__Data under study__.
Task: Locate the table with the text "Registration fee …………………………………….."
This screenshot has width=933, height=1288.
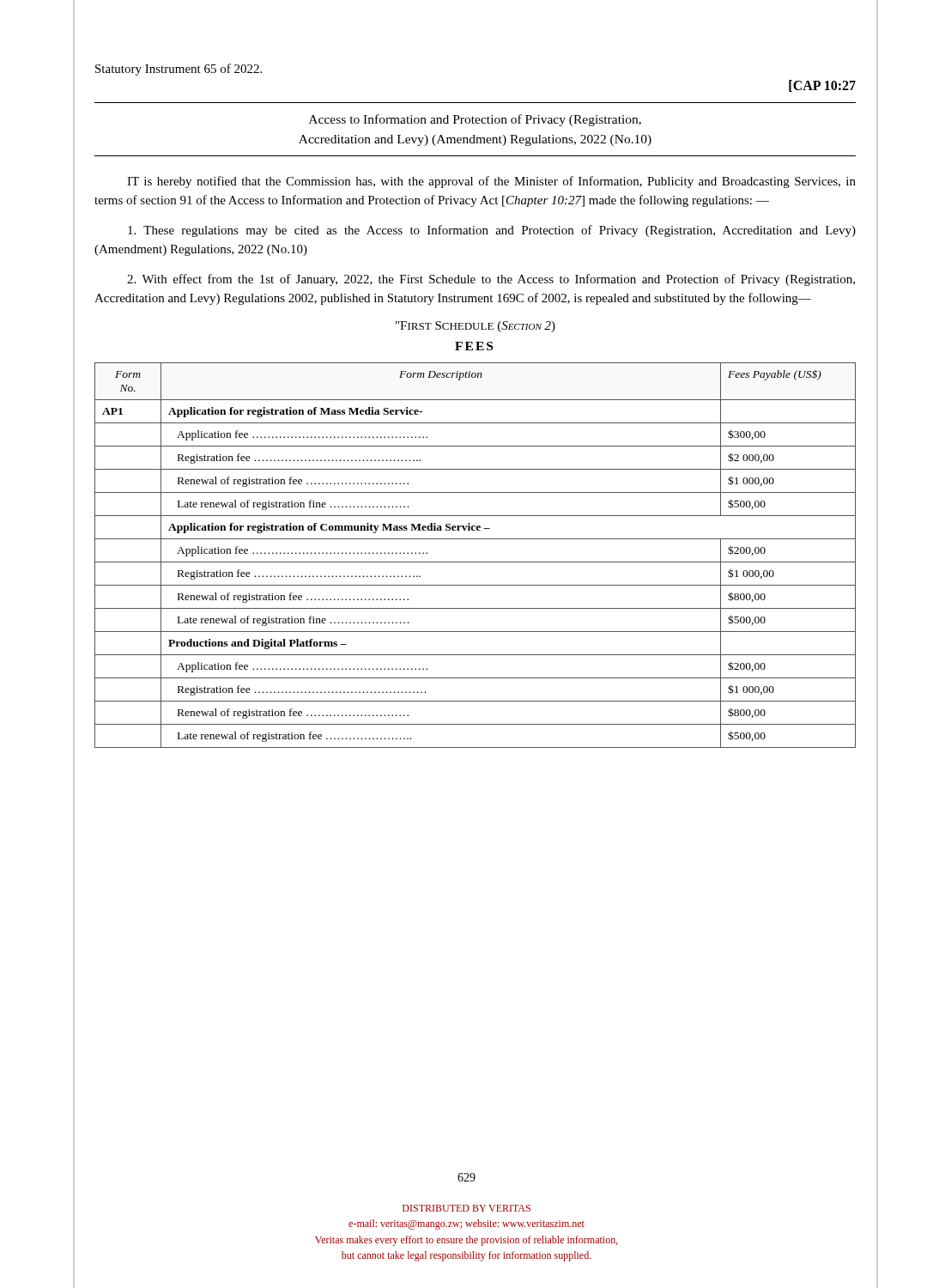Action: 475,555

--

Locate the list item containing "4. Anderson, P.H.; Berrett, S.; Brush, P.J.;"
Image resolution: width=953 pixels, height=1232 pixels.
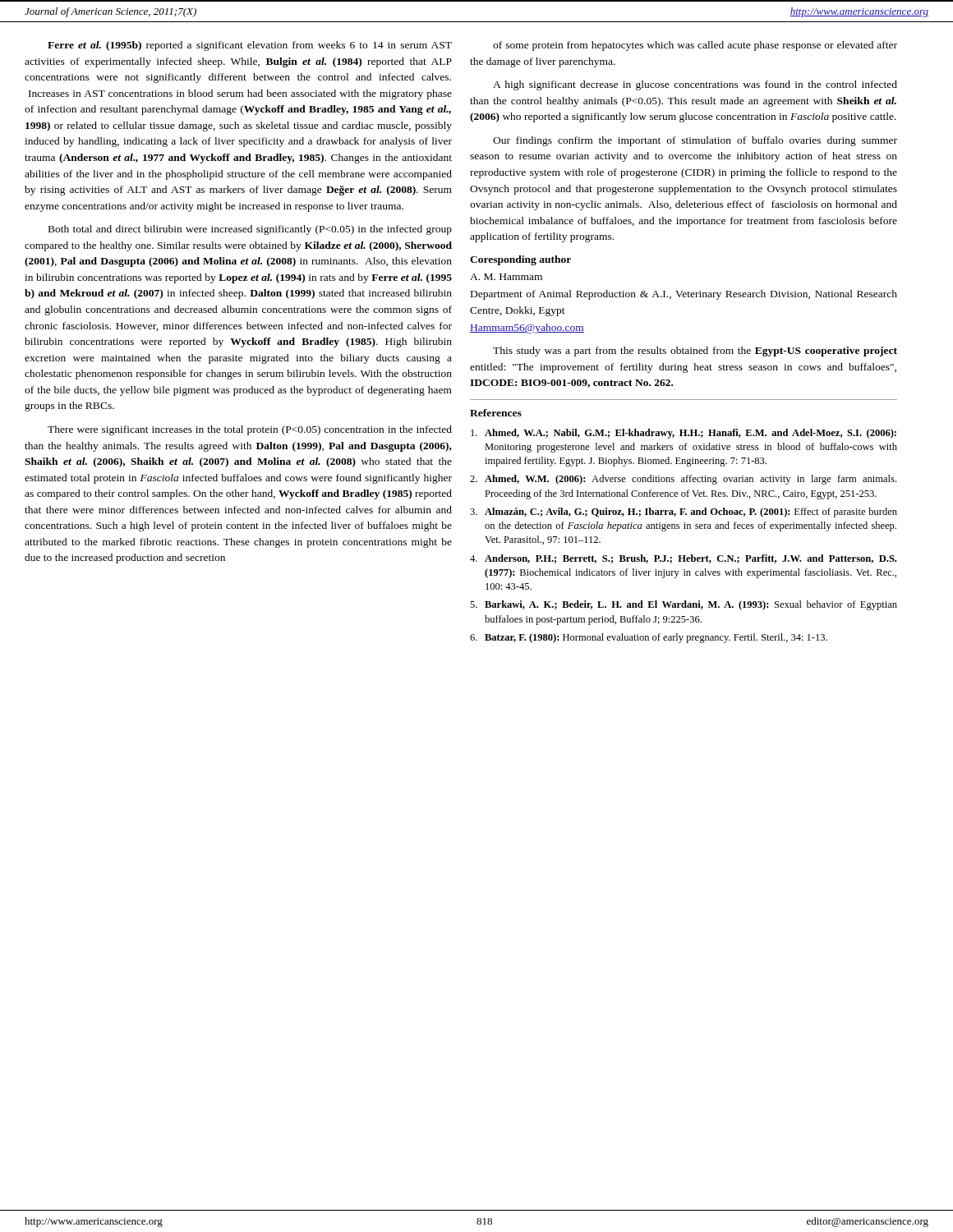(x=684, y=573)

__Task requirements__.
Lines above holding "Locate": give their count, nothing more.

__Exercise answer__.
2